Harry's words sealed my decision. Once again I remembered Salazar Slytherin's wise words: Anything can be an opportunity.

"Professor Lupin, many things indicate that we're heading towards darker times," I said. "This curse has caused a decline in the Defence Against the Dark Arts skills of British wizards. Losing you at this point of time is a serious loss to us. That's why I've got a proposition for you."

"A proposition?" Lupin asked, sounding mildly curious.

"You may not be able to continue teaching at Hogwarts, but not all learning happens within these walls. I'm willing to employ you as a private tutor for all who want further tuition. I've already invited Harry to stay in my house in Diagon Alley during the summer holidays. You can join us and share your expertise with him and his friends."

"Tom, that's a great idea!" Harry exclaimed.

"I would like it a lot," Lupin said, smiling broadly. "May I ask why you are willing to do this for me?"

"Why not?" I shrugged. "I can afford it, and anyway, when it comes to preparing for Voldemort's imminent return, I'm not cutting corners."

"I gladly accept your proposition," Lupin said. "I'm your professor no longer, so I ask you to call me Remus from now on."

"Here's my address," I said, offering him a piece of parchment. "Come to visit me on the first day of the holidays. There's a very special person I'm sure you're interested to meet. He will be there that day."

"Oh, exciting," Remus said. "You're already offering me a mystery. Am I supposed to make guesses?"

"This one may be hard to guess," I said. "But I assure you, you knew him well years ago."

"I'm looking forward to meeting him," Remus said. He had finished packing, and after shaking our hands he left, looking much merrier than when we had arrived. We watched from a window as he stepped out of the castle, boarded a carriage pulled by a Thestral, and left Hogwarts looking wistfully behind. So departed a very remarkable werewolf.

"Who is this mystery person?" Harry asked.

"If I said Scabbers, would you believe me?"

"No, I wouldn't!" Harry said and laughed.

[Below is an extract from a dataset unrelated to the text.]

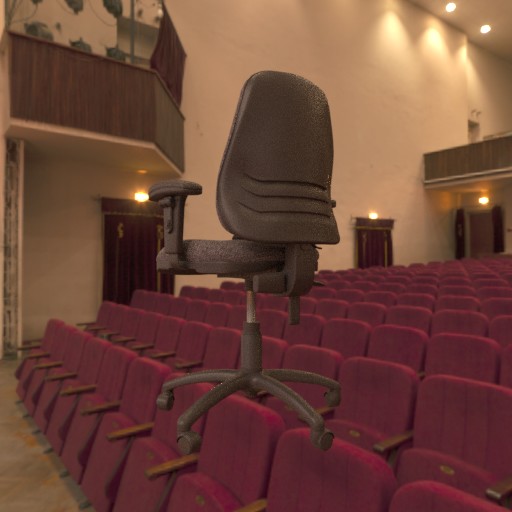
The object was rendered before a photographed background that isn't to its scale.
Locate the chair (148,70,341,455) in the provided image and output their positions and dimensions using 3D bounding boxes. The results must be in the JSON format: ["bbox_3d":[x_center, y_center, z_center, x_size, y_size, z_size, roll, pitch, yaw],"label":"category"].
[{"bbox_3d":[0.000,0.000,1.238,0.550,0.910,0.530,0,0,-36],"label":"chair"}]

"Ha, if you think I'd lie to you, I'm not telling you anything."

"All right, keep your secret. But thank you very much, Tom. You're doing a great favour for Remus and me, too. Funny how you managed to turn the misfortune of the curse this way."

"Yes, the curse," I mumbled. "I have to think about it seriously."

This debacle was a reminder that I should never underestimate Salazar Slytherin or Voldemort. Somehow their combined arts had bypassed all my Occlumency defences and turned me into a pawn. I decided never to let it happen again.


Published on the 18th of February, 2020.